Intégrité constitutionnelle : résoudre l’énigme de la nomination du CM par intérim du KP

Usama Khawar - Dawn - 12/11
La pertinence de l'assemblée sortante, un examen attentif des préoccupations en matière de légitimité politique et une prise de décision inclusive sont essentiels pour garantir la crédibilité et la légitimité morale de la nomination.

Le récent décès du ministre en chef par intérim de Khyber Pakhtunkhwa, Azam Khan, a une fois de plus déclenché des discussions autour du processus de nomination d'un ministre en chef par intérim et de l'intégrité du processus électoral.

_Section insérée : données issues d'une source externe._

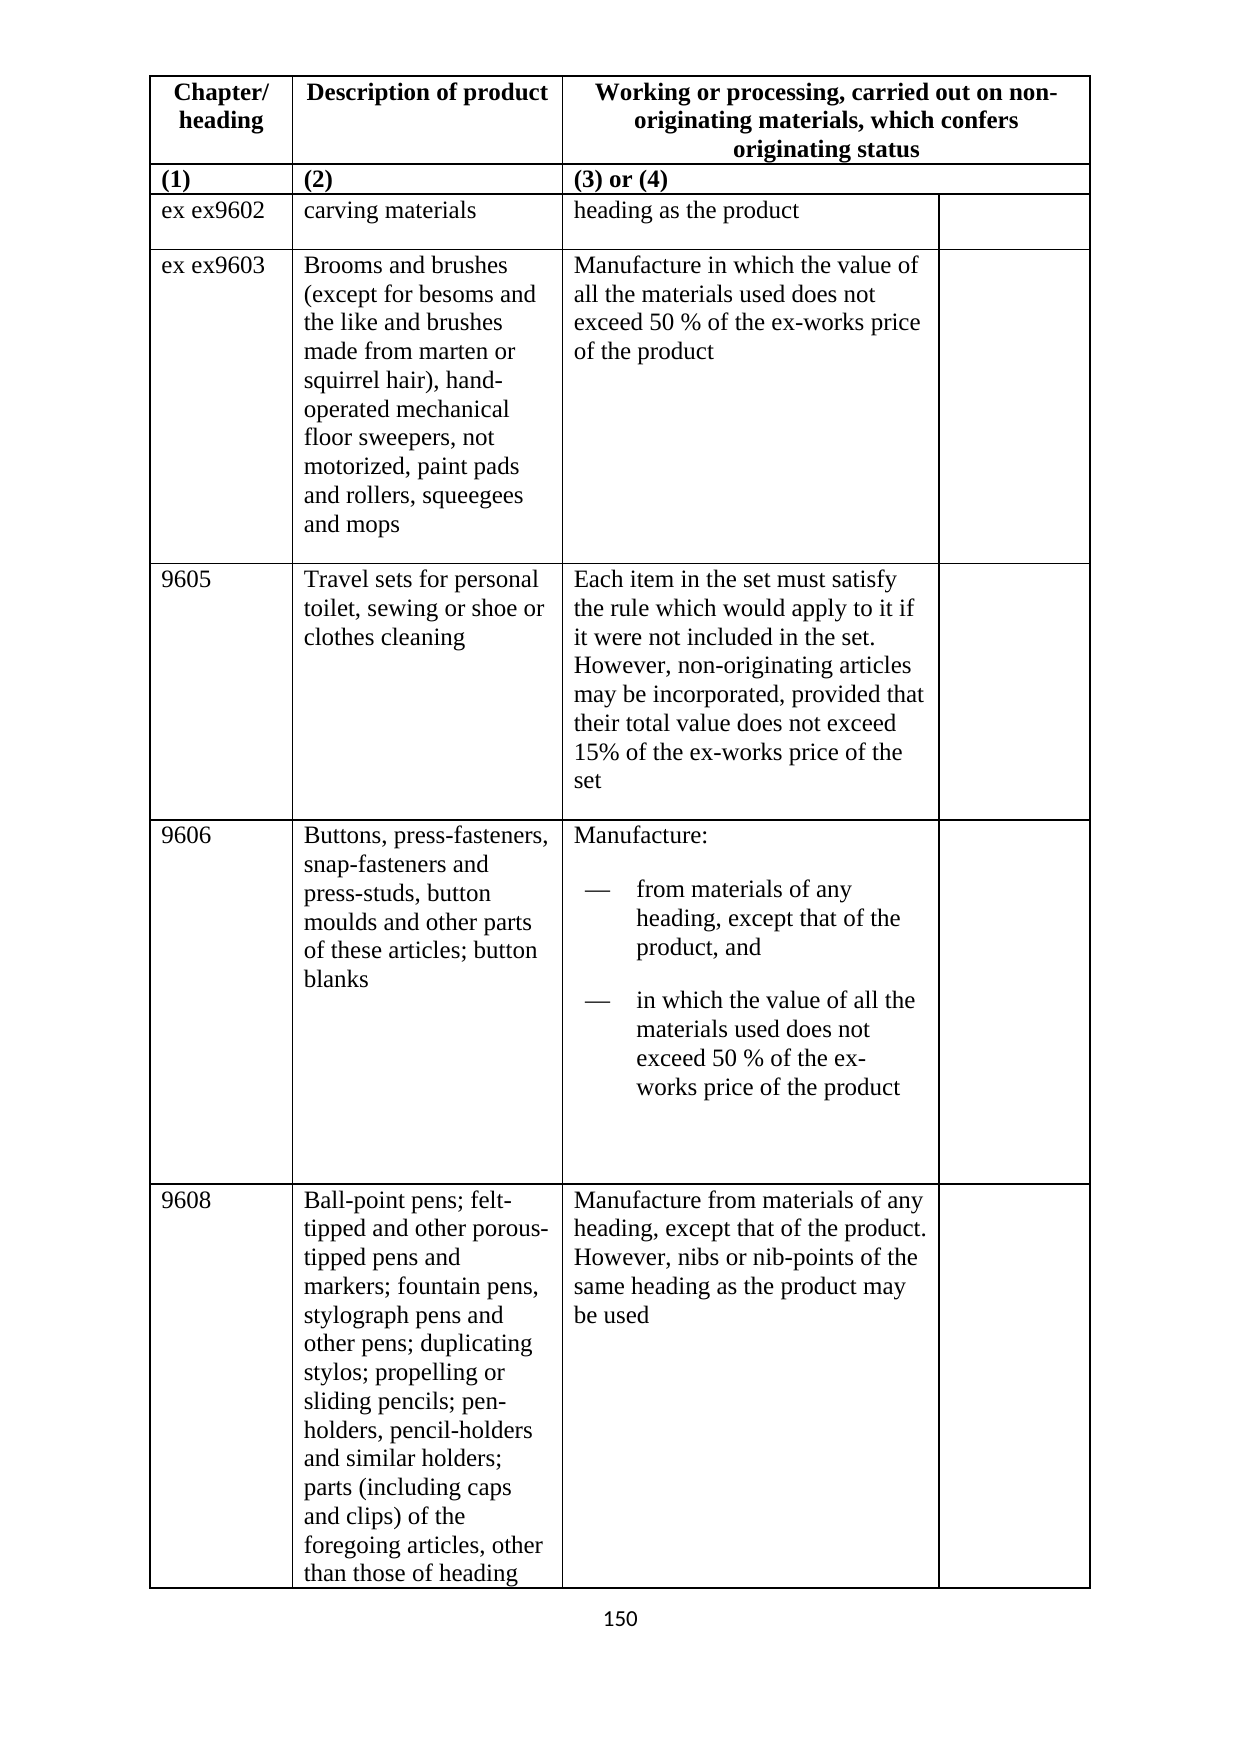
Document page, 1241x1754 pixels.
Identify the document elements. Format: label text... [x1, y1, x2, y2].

table_cell [940, 250, 1089, 562]
table_cell ex ex9602 [151, 195, 292, 248]
table_cell — [574, 986, 625, 1126]
table_cell (1) [151, 165, 292, 193]
table_cell [940, 564, 1089, 819]
table_cell [940, 195, 1089, 248]
table_cell (3) or (4) [563, 165, 1089, 193]
table_cell Each item in the set must satisfy the rule which would apply to it if it were not included in the set. However, non-originating articles may be incorporated, provided that their total value does not exceed 15% of the ex-works price of the set [563, 564, 938, 819]
table_header Working or processing, carried out on non-originating materials, which confers originating status [563, 77, 1089, 163]
table_cell [940, 1185, 1089, 1587]
table_cell Manufacture from materials of any heading, except that of the product. However, nibs or nib-points of the same heading as the product may be used [563, 1185, 938, 1587]
table_cell Manufacture: [563, 821, 938, 1183]
table_cell heading as the product [563, 195, 938, 248]
table_cell (2) [293, 165, 562, 193]
table_cell Travel sets for personal toilet, sewing or shoe or clothes cleaning [293, 564, 562, 819]
table_cell Buttons, press-fasteners, snap-fasteners and press-studs, button moulds and other parts of these articles; button blanks [293, 821, 562, 1183]
table_cell [940, 821, 1089, 1183]
table_header — [574, 874, 625, 986]
table_header Description of product [293, 77, 562, 163]
table_cell in which the value of all the materials used does not exceed 50 % of the ex-works price of the product [625, 986, 928, 1126]
table_cell 9606 [151, 821, 292, 1183]
table_cell 9605 [151, 564, 292, 819]
table_cell Ball-point pens; felt-tipped and other porous-tipped pens and markers; fountain pens, stylograph pens and other pens; duplicating stylos; propelling or sliding pencils; pen-holders, pencil-holders and similar holders; parts (including caps and clips) of the foregoing articles, other than those of heading [293, 1185, 562, 1587]
table_cell Manufacture in which the value of all the materials used does not exceed 50 % of the ex-works price of the product [563, 250, 938, 562]
table_cell 9608 [151, 1185, 292, 1587]
table_cell Brooms and brushes (except for besoms and the like and brushes made from marten or squirrel hair), hand-operated mechanical floor sweepers, not motorized, paint pads and rollers, squeegees and mops [293, 250, 562, 562]
table_header Chapter/ heading [151, 77, 292, 163]
table_cell carving materials [293, 195, 562, 248]
table_cell ex ex9603 [151, 250, 292, 562]
table_header from materials of any heading, except that of the product, and [625, 874, 928, 986]
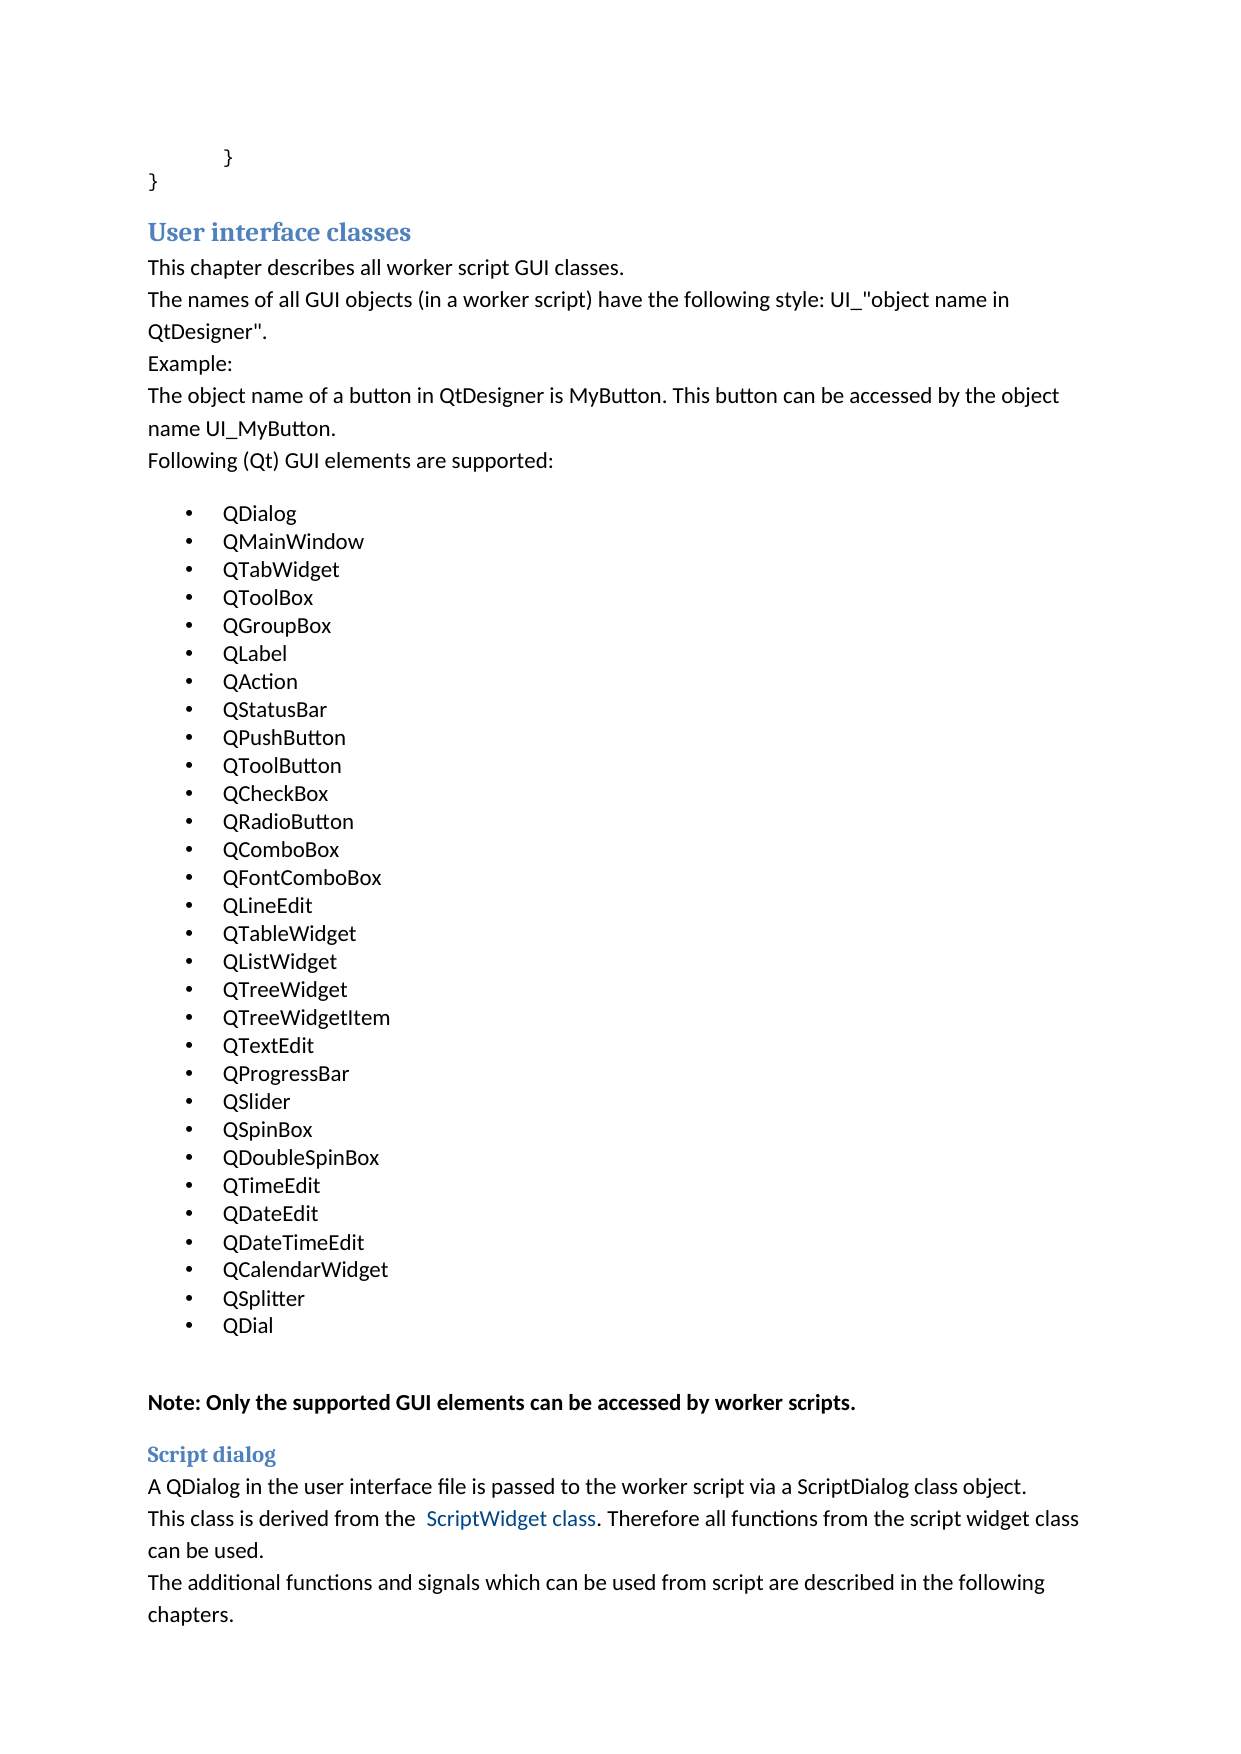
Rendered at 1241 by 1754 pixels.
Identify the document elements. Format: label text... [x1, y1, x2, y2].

text Example: [148, 349, 1093, 377]
list QSlider [185, 1087, 1093, 1116]
list QTimeEdit [185, 1172, 1093, 1199]
list QGroupBox [185, 611, 1093, 639]
text The object name of a button in QtDesigner is MyButton. This button can be accessed by the object name UI_MyButton. [148, 382, 1093, 442]
list QDialog [185, 499, 1093, 527]
list QComboBox [185, 835, 1093, 863]
list QMainWindow [185, 527, 1093, 555]
text Note: Only the supported GUI elements can be accessed by worker scripts. [148, 1388, 1093, 1417]
list QTabWidget [185, 555, 1093, 583]
list QDial [185, 1312, 1093, 1340]
list QSpinBox [185, 1116, 1093, 1143]
list QLineEdit [185, 891, 1093, 919]
list QTreeWidget [185, 975, 1093, 1003]
list QDateEdit [185, 1199, 1093, 1228]
text This class is derived from the ScriptWidget class. Therefore all functions from the script widget class can be used. [148, 1504, 1093, 1564]
list QToolBox [185, 583, 1093, 611]
list QTableWidget [185, 919, 1093, 947]
subtitle Script dialog [148, 1442, 1093, 1468]
list QCheckBox [185, 779, 1093, 807]
text Following (Qt) GUI elements are supported: [148, 446, 1093, 474]
list QDateTimeEdit [185, 1228, 1093, 1256]
list QFontComboBox [185, 863, 1093, 891]
subtitle User interface classes [148, 217, 1093, 248]
list QSplitter [185, 1284, 1093, 1312]
list QStatusBar [185, 695, 1093, 723]
list QTreeWidgetItem [185, 1003, 1093, 1031]
text } [148, 172, 1093, 193]
list QProgressBar [185, 1059, 1093, 1087]
list QAction [185, 667, 1093, 695]
list QToolButton [185, 751, 1093, 779]
list QLabel [185, 639, 1093, 667]
list QTextEdit [185, 1031, 1093, 1059]
list QDoubleSpinBox [185, 1143, 1093, 1172]
list QListWidget [185, 947, 1093, 975]
list QRadioButton [185, 807, 1093, 835]
list QPushButton [185, 723, 1093, 751]
text The additional functions and signals which can be used from script are described in the following chapters. [148, 1568, 1093, 1628]
text } [148, 148, 1093, 169]
text The names of all GUI objects (in a worker script) have the following style: UI_"object name in QtDesigner". [148, 285, 1093, 345]
text A QDialog in the user interface file is passed to the worker script via a ScriptDialog class object. [148, 1472, 1093, 1500]
list QCalendarWidget [185, 1256, 1093, 1284]
text This chapter describes all worker script GUI classes. [148, 253, 1093, 281]

Diverses suggestions partisanes ont circulé dans les médias grand public et sociaux, allant du gouverneur du KP Haji Ghulam Ali, affilié au Jamiat Ulema-i-Islam Fazl, assumant les fonctions de ministre en chef jusqu'à la nomination d'une personne comme le juge en chef pour assumer ce rôle. Certains ont même proposé que la Commission électorale du Pakistan (ECP) nomme un ministre ou sélectionne de manière autonome un ministre en chef par intérim. De plus, certains demandent que le Sénat joue un rôle dans ce processus de nomination.

Au milieu de ces appels, un développement encourageant est que le gouverneur du KP a écrit une lettre à l'ancien ministre en chef Mahmood Khan et à l'ancien chef de l'opposition Akram Durrani, les invitant à des consultations pour la nomination de leur CM par intérim en vertu de l'article 224 (1A) de la Constitution. .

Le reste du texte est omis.